We are invited to use a Notice/ Wonder chart.  A few years ago when I participated in the Global Read Aloud, this was the way I had my students enter into a Voxer conversation with other classes.  By using notice and wonder, students can engage in the text without the stress of “text-based questions” or a “literary essay.”  It’s low-stakes reading.

Ralph Fletcher makes a case for low-stakes writing in his latest book Joy Write.  Low-stakes reading, like low-stakes writing, is necessary to build critical thinking skills as well as to honor our students for who they are as readers and writers.  All ideas are accepted so all become active participants in the discussion.

In chapter 6, Vicki writes about low-stakes writing prompts for fiction.  She gives a list of the values of this kind of writing.  I want to add to this list.  I agree that the writing can give you a glimpse into the minds of the students, but I contend that the act of writing itself helps to solidify that thinking.  By writing down thoughts about reading, students engage their core thinking.  They focus and process at a higher level.

Turn and talk can become open and write.  Adding the low-stakes writing component will help me build my students’ muscles for longer high-stakes writing.  I require a reader response each week about independent reading.  Some students struggle around what they should write.  By using read-aloud and low-stakes writing about reading alongside notice and wonder, my students will be able to practice writing about reading.

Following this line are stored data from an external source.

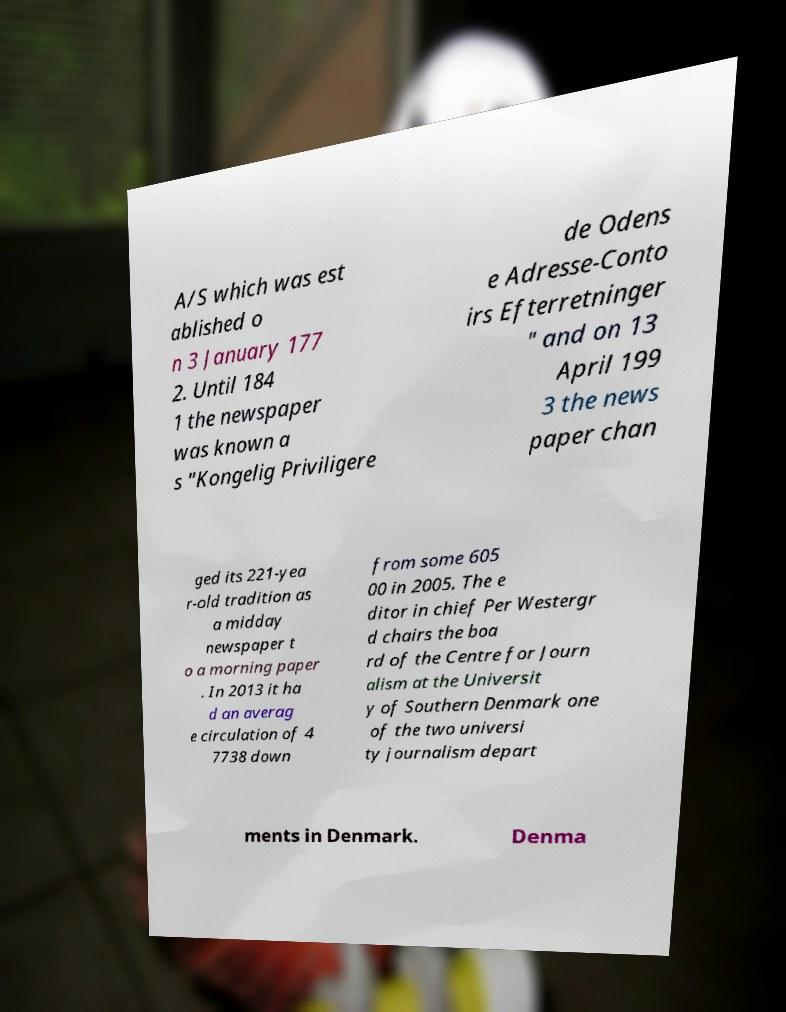Could you assist in decoding the text presented in this image and type it out clearly? A/S which was est ablished o n 3 January 177 2. Until 184 1 the newspaper was known a s "Kongelig Priviligere de Odens e Adresse-Conto irs Efterretninger " and on 13 April 199 3 the news paper chan ged its 221-yea r-old tradition as a midday newspaper t o a morning paper . In 2013 it ha d an averag e circulation of 4 7738 down from some 605 00 in 2005. The e ditor in chief Per Westergr d chairs the boa rd of the Centre for Journ alism at the Universit y of Southern Denmark one of the two universi ty journalism depart ments in Denmark. Denma 
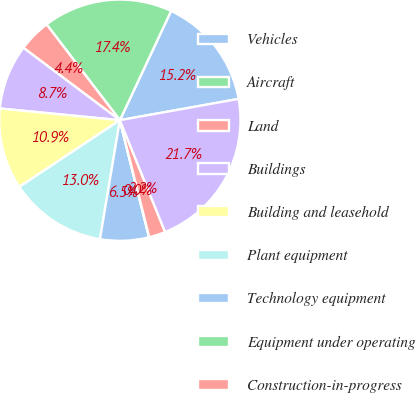Convert chart to OTSL. <chart><loc_0><loc_0><loc_500><loc_500><pie_chart><fcel>Vehicles<fcel>Aircraft<fcel>Land<fcel>Buildings<fcel>Building and leasehold<fcel>Plant equipment<fcel>Technology equipment<fcel>Equipment under operating<fcel>Construction-in-progress<fcel>Less Accumulated depreciation<nl><fcel>15.2%<fcel>17.37%<fcel>4.36%<fcel>8.7%<fcel>10.87%<fcel>13.04%<fcel>6.53%<fcel>0.03%<fcel>2.2%<fcel>21.71%<nl></chart> 
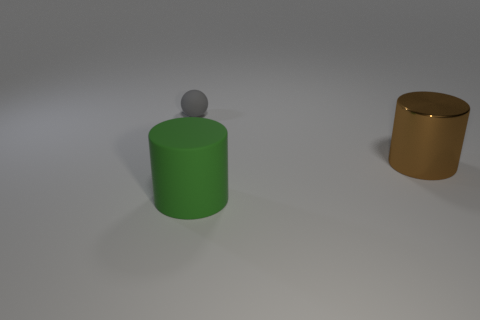Is the shape of the matte thing right of the sphere the same as  the gray matte thing?
Offer a terse response. No. Is the number of matte balls that are in front of the big metallic thing greater than the number of big blue metal cylinders?
Provide a succinct answer. No. Does the matte object behind the brown cylinder have the same color as the large metallic thing?
Provide a succinct answer. No. Is there anything else that is the same color as the tiny matte sphere?
Ensure brevity in your answer.  No. What color is the cylinder that is to the left of the large cylinder that is behind the rubber thing in front of the ball?
Offer a terse response. Green. Do the green cylinder and the gray ball have the same size?
Give a very brief answer. No. How many other green rubber cylinders have the same size as the green rubber cylinder?
Give a very brief answer. 0. Does the object to the left of the large rubber thing have the same material as the cylinder that is in front of the metallic object?
Offer a very short reply. Yes. Are there any other things that are the same shape as the big rubber thing?
Offer a terse response. Yes. The large metallic cylinder has what color?
Your answer should be very brief. Brown.

Curiosity puts the brain in a state where it is ready to learn, according to Albert Einstein.  Vicki goes on to say that curiosity is nurtured in a classroom from the inside.  No outside motivators will make this happen.  We must cultivate a classroom atmosphere that welcomes questions.  Wonder should be at the forefront.  Perhaps my daily journal prompt should be “What are you wondering about today?”  Keep curiosity alive around reading and students will lead themselves to the joy of learning.  You can just stand by and watch.